───── Records shown ─────

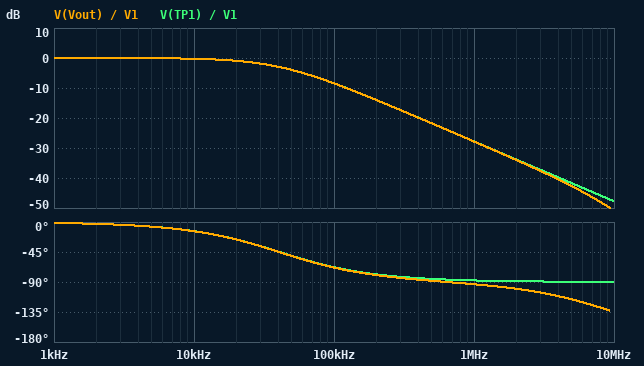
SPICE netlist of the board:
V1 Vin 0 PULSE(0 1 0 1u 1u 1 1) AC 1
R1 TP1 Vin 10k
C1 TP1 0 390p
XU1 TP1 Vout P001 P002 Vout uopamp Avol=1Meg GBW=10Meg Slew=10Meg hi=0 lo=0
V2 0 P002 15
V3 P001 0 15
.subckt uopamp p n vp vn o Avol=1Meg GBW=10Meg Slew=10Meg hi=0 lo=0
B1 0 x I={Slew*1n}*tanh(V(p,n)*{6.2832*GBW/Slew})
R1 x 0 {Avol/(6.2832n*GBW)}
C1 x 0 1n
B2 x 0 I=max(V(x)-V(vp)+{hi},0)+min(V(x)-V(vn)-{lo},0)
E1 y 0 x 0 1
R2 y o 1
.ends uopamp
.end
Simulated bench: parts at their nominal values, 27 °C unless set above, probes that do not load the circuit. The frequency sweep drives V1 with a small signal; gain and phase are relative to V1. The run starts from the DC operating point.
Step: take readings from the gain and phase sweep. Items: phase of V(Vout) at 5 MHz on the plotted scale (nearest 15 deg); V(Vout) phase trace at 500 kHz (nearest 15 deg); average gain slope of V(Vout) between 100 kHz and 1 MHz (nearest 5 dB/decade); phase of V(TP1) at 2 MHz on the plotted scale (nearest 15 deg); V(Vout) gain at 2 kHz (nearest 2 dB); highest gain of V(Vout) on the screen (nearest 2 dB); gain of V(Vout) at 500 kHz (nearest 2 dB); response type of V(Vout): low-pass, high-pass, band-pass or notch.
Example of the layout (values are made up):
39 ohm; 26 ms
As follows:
-120 deg; -90 deg; -20 dB/decade; -90 deg; 0 dB; 0 dB; -22 dB; low-pass
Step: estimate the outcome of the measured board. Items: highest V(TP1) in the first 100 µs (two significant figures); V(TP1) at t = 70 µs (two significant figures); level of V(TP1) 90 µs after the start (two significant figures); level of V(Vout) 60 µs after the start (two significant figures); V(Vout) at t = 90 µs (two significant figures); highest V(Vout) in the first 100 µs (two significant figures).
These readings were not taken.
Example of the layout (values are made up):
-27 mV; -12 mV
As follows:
1.0 V; 1.0 V; 1.0 V; 1.0 V; 1.0 V; 1.0 V
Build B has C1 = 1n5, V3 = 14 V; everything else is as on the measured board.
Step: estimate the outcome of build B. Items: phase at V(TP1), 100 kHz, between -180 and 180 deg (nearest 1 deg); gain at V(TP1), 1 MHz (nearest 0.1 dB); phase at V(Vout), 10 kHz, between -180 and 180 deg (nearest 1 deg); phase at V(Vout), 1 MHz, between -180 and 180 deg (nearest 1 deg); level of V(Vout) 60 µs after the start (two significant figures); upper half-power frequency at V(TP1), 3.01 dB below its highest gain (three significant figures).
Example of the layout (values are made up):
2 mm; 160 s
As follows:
-84 deg; -39.5 dB; -43 deg; -95 deg; 980 mV; 10.6 kHz
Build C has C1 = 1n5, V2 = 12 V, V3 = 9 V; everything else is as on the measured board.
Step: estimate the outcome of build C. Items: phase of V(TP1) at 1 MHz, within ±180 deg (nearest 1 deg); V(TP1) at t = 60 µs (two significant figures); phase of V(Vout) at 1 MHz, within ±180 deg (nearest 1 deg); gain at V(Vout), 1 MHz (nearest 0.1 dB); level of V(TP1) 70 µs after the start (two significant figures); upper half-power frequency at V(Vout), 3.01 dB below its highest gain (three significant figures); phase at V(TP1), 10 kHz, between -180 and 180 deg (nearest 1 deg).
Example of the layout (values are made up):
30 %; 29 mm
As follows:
-89 deg; 980 mV; -95 deg; -39.5 dB; 990 mV; 10.6 kHz; -43 deg
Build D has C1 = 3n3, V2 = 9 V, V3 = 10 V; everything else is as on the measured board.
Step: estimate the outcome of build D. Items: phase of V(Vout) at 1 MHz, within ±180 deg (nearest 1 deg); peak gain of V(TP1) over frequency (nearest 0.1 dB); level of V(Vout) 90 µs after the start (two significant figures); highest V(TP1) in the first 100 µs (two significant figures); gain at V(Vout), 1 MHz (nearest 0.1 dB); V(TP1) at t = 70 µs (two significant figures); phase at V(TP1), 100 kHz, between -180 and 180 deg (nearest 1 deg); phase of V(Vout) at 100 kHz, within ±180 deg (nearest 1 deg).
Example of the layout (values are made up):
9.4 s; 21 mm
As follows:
-95 deg; 0 dB; 930 mV; 950 mV; -46.4 dB; 880 mV; -87 deg; -88 deg
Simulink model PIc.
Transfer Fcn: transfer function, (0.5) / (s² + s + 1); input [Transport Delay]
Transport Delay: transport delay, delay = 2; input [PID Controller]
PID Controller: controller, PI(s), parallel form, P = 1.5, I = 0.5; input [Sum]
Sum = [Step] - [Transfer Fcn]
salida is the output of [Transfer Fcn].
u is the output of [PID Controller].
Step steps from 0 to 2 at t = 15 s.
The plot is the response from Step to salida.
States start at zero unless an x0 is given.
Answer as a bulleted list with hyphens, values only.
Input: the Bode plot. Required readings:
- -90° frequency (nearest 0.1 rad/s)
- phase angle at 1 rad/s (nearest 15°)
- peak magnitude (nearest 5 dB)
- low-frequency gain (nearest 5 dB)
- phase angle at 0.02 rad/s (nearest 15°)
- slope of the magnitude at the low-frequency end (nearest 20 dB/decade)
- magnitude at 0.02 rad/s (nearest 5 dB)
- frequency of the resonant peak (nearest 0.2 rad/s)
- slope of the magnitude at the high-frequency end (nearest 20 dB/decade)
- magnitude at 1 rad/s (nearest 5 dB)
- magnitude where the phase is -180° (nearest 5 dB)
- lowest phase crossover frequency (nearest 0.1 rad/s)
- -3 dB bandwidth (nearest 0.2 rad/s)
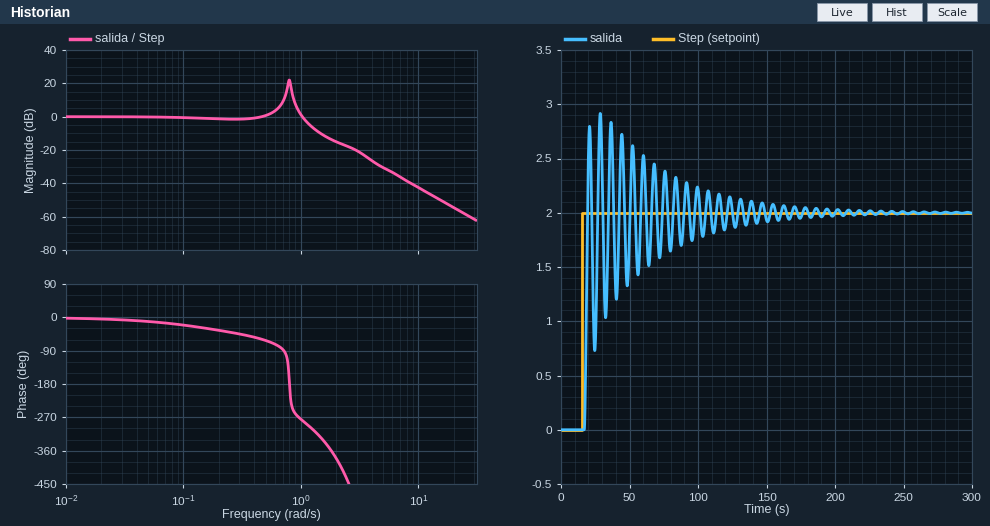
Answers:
- 0.7 rad/s
- -270°
- 20 dB
- 0 dB
- 0°
- 0 dB/decade
- 0 dB
- 0.8 rad/s
- -40 dB/decade
- 0 dB
- 20 dB
- 0.8 rad/s
- 1.2 rad/s
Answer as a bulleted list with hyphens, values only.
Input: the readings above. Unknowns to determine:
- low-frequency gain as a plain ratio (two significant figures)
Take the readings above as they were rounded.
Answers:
- 1.0
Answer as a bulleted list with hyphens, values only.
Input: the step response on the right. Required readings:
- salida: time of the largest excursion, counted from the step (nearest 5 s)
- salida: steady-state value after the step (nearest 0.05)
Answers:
- 15 s
- 2.00
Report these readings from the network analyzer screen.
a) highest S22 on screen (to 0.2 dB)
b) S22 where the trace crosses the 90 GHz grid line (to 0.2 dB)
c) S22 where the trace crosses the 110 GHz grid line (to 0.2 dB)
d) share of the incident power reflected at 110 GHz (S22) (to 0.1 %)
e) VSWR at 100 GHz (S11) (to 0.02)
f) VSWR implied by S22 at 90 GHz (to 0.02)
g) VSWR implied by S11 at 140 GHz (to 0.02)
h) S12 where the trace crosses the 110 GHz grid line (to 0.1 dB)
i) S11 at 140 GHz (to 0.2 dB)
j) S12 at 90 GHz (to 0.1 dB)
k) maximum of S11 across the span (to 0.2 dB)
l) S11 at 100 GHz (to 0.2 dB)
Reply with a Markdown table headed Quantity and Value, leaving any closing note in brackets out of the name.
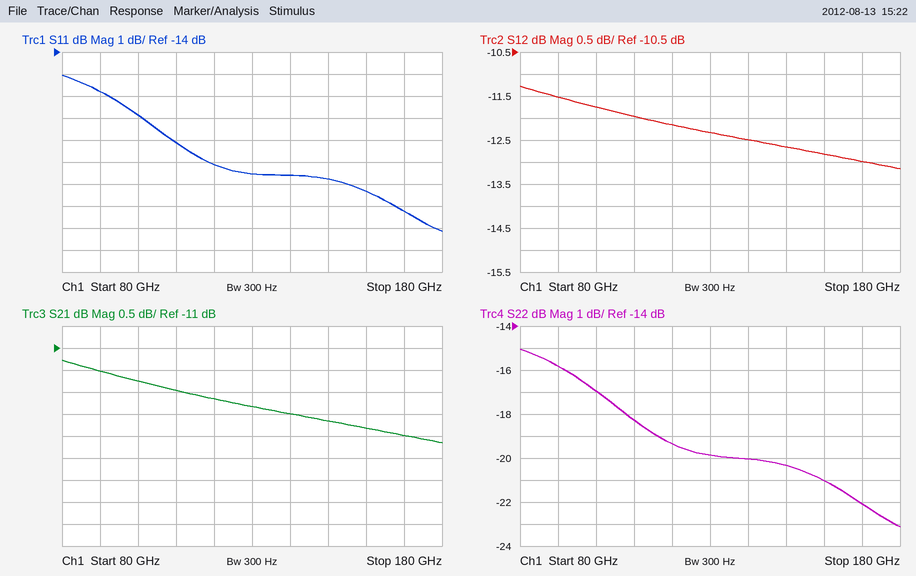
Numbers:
| Quantity | Value |
|---|---|
| highest S22 on screen | -15.0 dB |
| S22 where the trace crosses the 90 GHz grid line | -15.8 dB |
| S22 where the trace crosses the 110 GHz grid line | -18.2 dB |
| share of the incident power reflected at 110 GHz (S22) | 1.5 % |
| VSWR at 100 GHz (S11) | 1.34 |
| VSWR implied by S22 at 90 GHz | 1.38 |
| VSWR implied by S11 at 140 GHz | 1.24 |
| S12 where the trace crosses the 110 GHz grid line | -12.0 dB |
| S11 at 140 GHz | -19.6 dB |
| S12 at 90 GHz | -11.5 dB |
| maximum of S11 across the span | -15.0 dB |
| S11 at 100 GHz | -16.8 dB |
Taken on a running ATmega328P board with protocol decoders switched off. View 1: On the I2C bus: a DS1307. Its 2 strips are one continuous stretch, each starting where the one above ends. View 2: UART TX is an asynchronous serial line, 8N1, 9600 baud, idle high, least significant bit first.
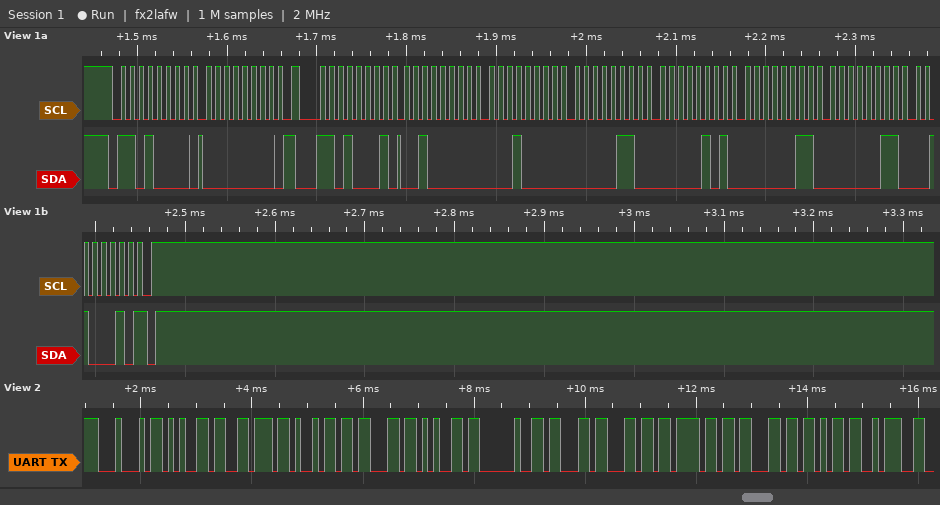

─────

*What to produce*. Scan the entries above for the word "Avol", then copy every line in which it occurs.

*Completed task*.
XU1 TP1 Vout P001 P002 Vout uopamp Avol=1Meg GBW=10Meg Slew=10Meg hi=0 lo=0
.subckt uopamp p n vp vn o Avol=1Meg GBW=10Meg Slew=10Meg hi=0 lo=0
R1 x 0 {Avol/(6.2832n*GBW)}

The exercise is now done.